# Padded room and costume



## GntlmnJac (Jul 16, 2008)

We are going to have a possessed girl in a padded cell wearing a straight jacket in our HH this year. 

The effect will be that the visitors will look in on a padded cell with a young girl inside. When they first see her the room will be bathed in red light. As she starts talking she will sound sweet and innocent . But as she continues to talk the red lights will dim and green lights will slowly come up. The girl will be made up with red makeup which will be invisible under the red light and dark brown or black under the green light. She will also be rigged with a mic and a voice changer to make her voice change to that of a demon. Her dialog will become quite demonic too. All of this, of course, is inspired by The Exorcist.

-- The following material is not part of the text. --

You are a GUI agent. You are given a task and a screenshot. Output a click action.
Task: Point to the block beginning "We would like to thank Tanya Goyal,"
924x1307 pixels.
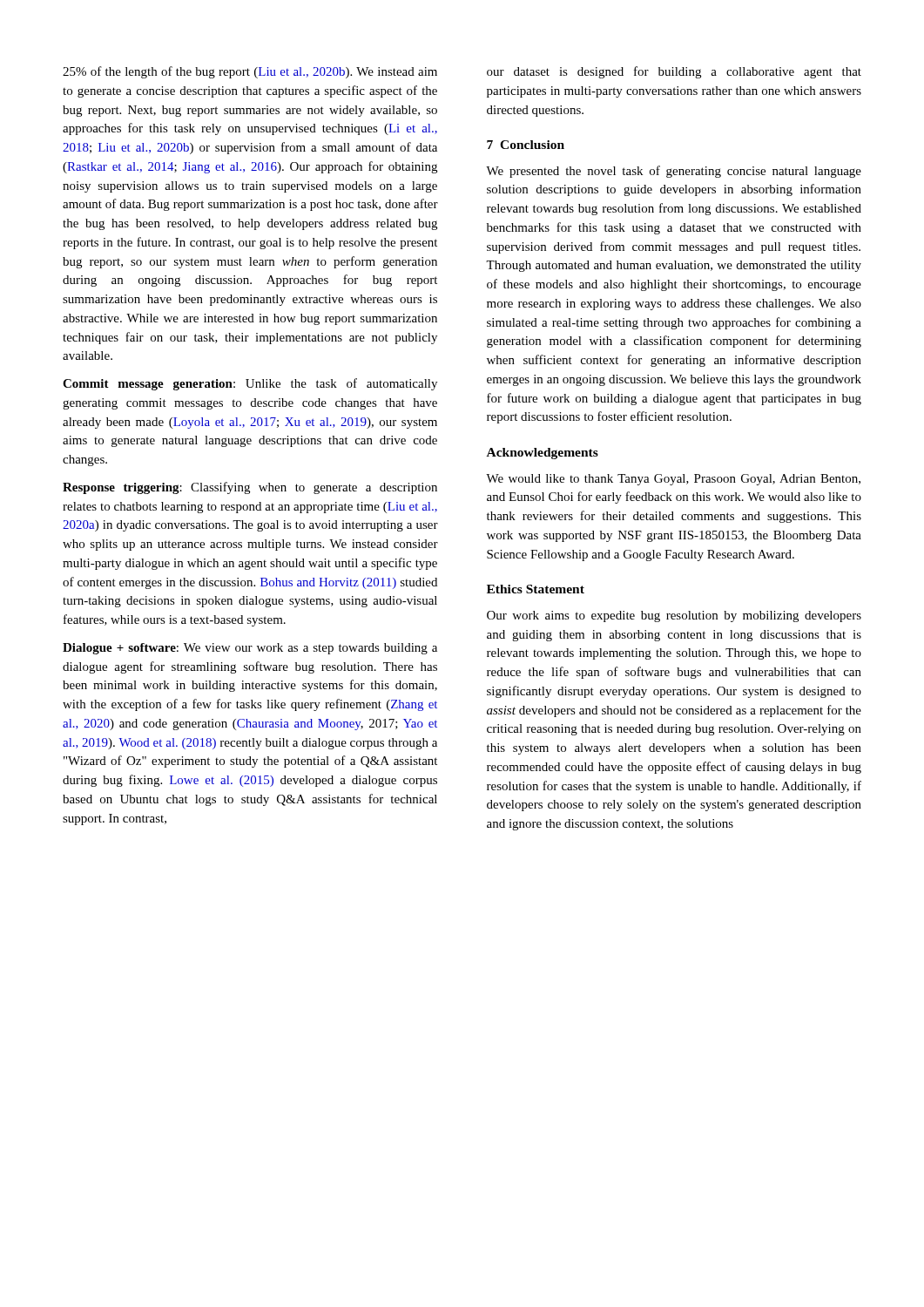[674, 517]

I have 2 questions to help move this project along: Has anyone devised realistic looking padded walls? I have considered just hanging bed sheets but I would like to give them a convincing padded look.
And what is an effective and inexpensive way of making a straight jacket? A heavy white shirt on backwards with cloth belts and D rings might work, but I think they may be a better idea floating around out there.

Thanks!
(Christmas is for kiddies......Halloween is the holiday that rocks!)


----------



## Guest (Jul 26, 2008)

I would use a white Judo, or Karate, ghee. That would look much better than a shirt. A couple of leather belts from a resell shop and you shoul be set.

here's one on ebay
Karate Ghee - eBay (item 160265561007 end time Aug-02-08 02:40:05 PDT)


----------



## cylonfrogqueen (Feb 13, 2008)

Might be a little steep in price for you, or maybe not, but check out Straight Jacket jackets- Monkey Dungeon Clothing for straight jackets (ideas). 

As for padded walls, I am sure others on the forum will come up with something amazing - how big of room (cell)? 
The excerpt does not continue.